This lesson covers the statistical concepts of correlation and causality as encountered when performing a regression analysis on a set of data. Skills covered are how to determine:

• the slope of the regression line
• the intercept of the regression line
• the correlation coefficient

Key terms include residual, statistical independence, linearity, homoscedasticity, negative correlation, positive correlation, variance and normality.

Front
Back
Residual

What you get when you find the difference between predicted and observed values.

Regression Analysis

A process for studying how variables are related in a statistical sense.

Statistical Independence

In this assumption, the residuals vary randomly and do not follow a pattern.

Linearity

This assumes that there is a linear relationship between the independent and dependent variables.

Homoscedasticity

This assumes that around the regression line, the variance in the values of the independent variable is the same.

Normality

This assumes that the residuals follow a normal distribution around the line of best fit.

Correlation

This is when a relationship exists between two events, but one event does not cause the other.

Causation

One event is the cause of another event.

Positive Correlation

The slope of the regression line is positive: as the x values increase, the y values also increase and the correlation coefficient, r, is positive.

Negative Correlation

The regression line has a negative slope: when x values increase, the corresponding y values decrease and r, the correlation coefficient, is negative.

r = 0

The variables are not correlated.

A small absolute value of r

The variables are weakly correlated.

Absolute value of r is close to 1

The variables are strongly correlated.

A battery's voltage increases by 0.1 volt for each hour of charging. x is the charging time in hours, and y is the voltage. When x is 0, y = 8. Write the linear equation for y in terms of x.

y = 0.1x + 8

where x is the charging time in hours and y is the voltage

A battery is charged at a rate of 0.5 volt per hour. Use x = hours and y = volts. At x = 0, y = 8. This battery's voltage should not exceed 12 volts. When should the charger be turned off?

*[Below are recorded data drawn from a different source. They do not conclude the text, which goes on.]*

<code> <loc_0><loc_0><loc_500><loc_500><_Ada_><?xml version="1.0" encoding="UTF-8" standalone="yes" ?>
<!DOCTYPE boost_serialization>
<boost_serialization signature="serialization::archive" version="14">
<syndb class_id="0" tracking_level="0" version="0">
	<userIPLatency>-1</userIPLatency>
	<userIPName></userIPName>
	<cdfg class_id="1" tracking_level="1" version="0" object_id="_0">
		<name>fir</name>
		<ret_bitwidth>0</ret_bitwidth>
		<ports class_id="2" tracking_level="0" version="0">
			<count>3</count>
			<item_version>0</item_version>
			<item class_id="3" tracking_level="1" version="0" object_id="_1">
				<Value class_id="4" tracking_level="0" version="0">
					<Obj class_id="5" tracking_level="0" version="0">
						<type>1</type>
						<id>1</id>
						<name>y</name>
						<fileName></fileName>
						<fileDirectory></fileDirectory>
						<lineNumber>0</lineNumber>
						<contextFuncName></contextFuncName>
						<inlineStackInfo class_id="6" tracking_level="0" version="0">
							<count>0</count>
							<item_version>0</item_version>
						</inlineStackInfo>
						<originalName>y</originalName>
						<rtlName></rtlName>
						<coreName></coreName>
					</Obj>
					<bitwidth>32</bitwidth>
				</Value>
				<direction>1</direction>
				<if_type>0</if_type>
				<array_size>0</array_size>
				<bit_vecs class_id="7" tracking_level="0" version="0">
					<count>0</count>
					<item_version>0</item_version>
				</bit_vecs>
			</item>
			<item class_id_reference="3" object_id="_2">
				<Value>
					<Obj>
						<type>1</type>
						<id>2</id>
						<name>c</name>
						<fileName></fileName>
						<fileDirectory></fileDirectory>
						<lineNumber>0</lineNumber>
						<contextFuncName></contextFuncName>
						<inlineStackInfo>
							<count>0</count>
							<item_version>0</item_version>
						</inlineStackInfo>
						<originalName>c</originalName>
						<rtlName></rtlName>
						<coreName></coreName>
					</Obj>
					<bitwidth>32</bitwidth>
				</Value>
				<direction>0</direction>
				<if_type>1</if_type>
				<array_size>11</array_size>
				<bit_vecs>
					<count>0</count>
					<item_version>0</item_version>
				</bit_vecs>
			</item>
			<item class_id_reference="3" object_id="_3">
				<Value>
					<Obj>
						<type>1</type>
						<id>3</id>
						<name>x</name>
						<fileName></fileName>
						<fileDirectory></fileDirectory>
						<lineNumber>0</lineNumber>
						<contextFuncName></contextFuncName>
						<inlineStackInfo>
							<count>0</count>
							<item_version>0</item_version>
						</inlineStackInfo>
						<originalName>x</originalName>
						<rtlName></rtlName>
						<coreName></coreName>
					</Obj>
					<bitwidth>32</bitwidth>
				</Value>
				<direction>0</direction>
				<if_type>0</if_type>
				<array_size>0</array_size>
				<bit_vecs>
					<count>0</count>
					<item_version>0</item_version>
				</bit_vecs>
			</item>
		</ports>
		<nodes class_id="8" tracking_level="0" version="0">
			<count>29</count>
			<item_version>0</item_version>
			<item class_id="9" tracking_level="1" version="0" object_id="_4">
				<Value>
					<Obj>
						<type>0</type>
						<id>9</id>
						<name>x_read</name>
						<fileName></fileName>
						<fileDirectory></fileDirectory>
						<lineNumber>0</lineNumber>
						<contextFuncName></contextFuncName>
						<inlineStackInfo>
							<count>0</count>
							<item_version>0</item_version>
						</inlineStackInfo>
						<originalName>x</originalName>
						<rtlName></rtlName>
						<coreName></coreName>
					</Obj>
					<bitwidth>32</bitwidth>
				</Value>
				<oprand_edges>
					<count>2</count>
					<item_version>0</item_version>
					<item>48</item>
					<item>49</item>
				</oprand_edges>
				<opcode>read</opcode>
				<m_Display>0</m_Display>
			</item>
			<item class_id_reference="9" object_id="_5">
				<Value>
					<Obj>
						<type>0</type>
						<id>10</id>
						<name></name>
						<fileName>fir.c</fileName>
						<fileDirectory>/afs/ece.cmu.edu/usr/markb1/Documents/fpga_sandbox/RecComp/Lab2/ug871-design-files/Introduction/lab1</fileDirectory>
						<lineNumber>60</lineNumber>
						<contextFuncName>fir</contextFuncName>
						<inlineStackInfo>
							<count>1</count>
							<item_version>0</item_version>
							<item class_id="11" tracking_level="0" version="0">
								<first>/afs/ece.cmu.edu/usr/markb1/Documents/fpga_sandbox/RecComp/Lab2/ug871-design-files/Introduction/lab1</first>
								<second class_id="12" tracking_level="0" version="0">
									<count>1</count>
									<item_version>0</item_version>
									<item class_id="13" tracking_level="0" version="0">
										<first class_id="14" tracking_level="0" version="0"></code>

y = 0.5x + 8, where x is the time in hours and y is the voltage. At x = 8 hours, the charger should be turned off because y will be equal to 12.

The cost to hire a consultant is \$100 plus \$200 for each hour of time on the job. Let the hours of time on the job be x and let y be the cost in dollars. Write a linear equation relating x and y.

y = 200x + 100

x = hours building a model, y = model cost. For x = 1, 2 and 3, y = 2, 4 and 8. The data is: (1, 2), (2, 4) and (3, 8). Use the formula for slope, a, and intercept, b, to find the linear model.

y = 3x - 4/3

First make your chart with columns for x, y, xy, and x^2 and find the sum of each column. Use the formulas for a and b.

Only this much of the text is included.